Hal itu disampaikan saat rapat dengar pendapat (RDP) Komisi VI DPR dengan PT Pupuk Indonesia di Jakarta, Selasa (2/4/2024).
Dalam rapat tersebut, Komisi IV DPR meminta PT Pupuk Indonesia melaksanakan penyaluran pupuk bersubsidi tahun ini secara efektif dan tepat sasaran. Dan, harus sesuai ketentuan berlaku.
Tak hanya itu, Perseroan juga diminta menjamin ketersediaan pupuk subsidi dan nonsubsidi sesuai yang ditetapkan pemerintah.
"Komisi VI DPR RI mendorong PT Pupuk Indonesia (Persero)/ Holding BUMN Pupuk melakukan evaluasi berkala terhadap kinerja distributor pupuk," begitu bunyi butir keempat kesimpulan RDP yang dibacakan Wakil Ketua Komisi VI DPR M Sarmuji.

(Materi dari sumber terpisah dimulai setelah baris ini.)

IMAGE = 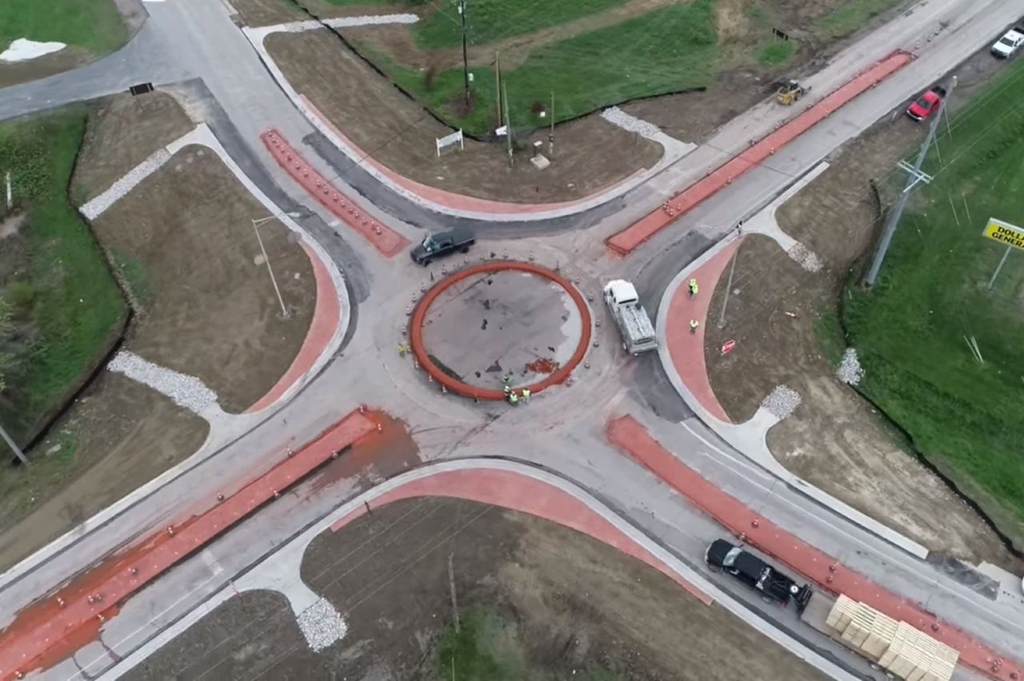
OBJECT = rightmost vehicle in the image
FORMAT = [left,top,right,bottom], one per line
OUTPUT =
[993,23,1024,59]
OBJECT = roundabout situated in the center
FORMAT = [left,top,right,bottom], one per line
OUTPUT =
[339,219,662,461]
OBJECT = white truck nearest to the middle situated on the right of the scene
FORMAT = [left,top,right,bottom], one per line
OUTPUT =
[597,278,660,355]
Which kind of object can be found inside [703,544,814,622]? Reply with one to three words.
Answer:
truck
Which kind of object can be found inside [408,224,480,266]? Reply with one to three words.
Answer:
truck
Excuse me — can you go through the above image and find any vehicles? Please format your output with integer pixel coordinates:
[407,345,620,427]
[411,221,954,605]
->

Dalam rapat tersebut, Komidi VI meminta jaminan dan kepastian ketersediaan pupuk yang dimiliki PT Pupuk Indonesia, bisa memenuhi kebutuhan petani.
"Harus ada perbaikan tata kelola di Pupuk Indonesia, termasuk dalam menjalankan penugasan. Tanggung jawab moral Pupuk Indonesia sebagai bagian dari peningkatan produksi pangan. Perlu ada hal baru yang bisa meningkatkan kinerja perusahaan dan pelayanan pupuk untuk petani. Harus dilakukan peremajaan pola-pola," kata Herman.
"Saya juga menyoroti soal rembesan (pupuk subsidi) yang sering dilaporkan. Artinya perlu sistem pengawasan yang ketat. Kalau menemukan agen atau distributor yang nakal, sudah, jangan dipakai lagi. Karena nanti penyakitnya akan kambuh lagi," tegasnya.
Dia pun menyoroti Rencana Definitif Kebutuhan Kelompok (RDKK) pupuk bersubsidi yang jumlahnya lebih besar dari alokasi pupuk subsidi tahun ini. Di mana, pemerintah secara resmi telah menaikkan kuota pupuk bersubsidi tahun 2024 dari 6 juta ton menjadi 9,5 juta ton. Dengan alokasi anggaran dari Rp26,7 triliun menjadi Rp53,3 triliun.
"Penyaluran pupuk subsidi sangat dipengaruhi RDKK, tahun ini berapa? 12 juta? Penyaluran sekarang 9,5 juta (ton). Nah, meski volume (kuota penyaluran) di bawah RDKK, perlu dibangun sistem distribusi dan pengawasan. Karena, potensi kelangkaan bisa terjadi," kata Herman.
![]() |
"Ini harus di-back up dengan yang komersial. Karena petani juga kalau kuota (subsidi) habis terserap, mau nggak mau mereka akan menggunakan yang nonsubsidi. Selain itu, perlu juga dilakukan inisiatif yang sebelumnya dilakukan PT Pupuk Indonesia, memberikan voucher potongan harga yang komersial bagi petani," paparnya.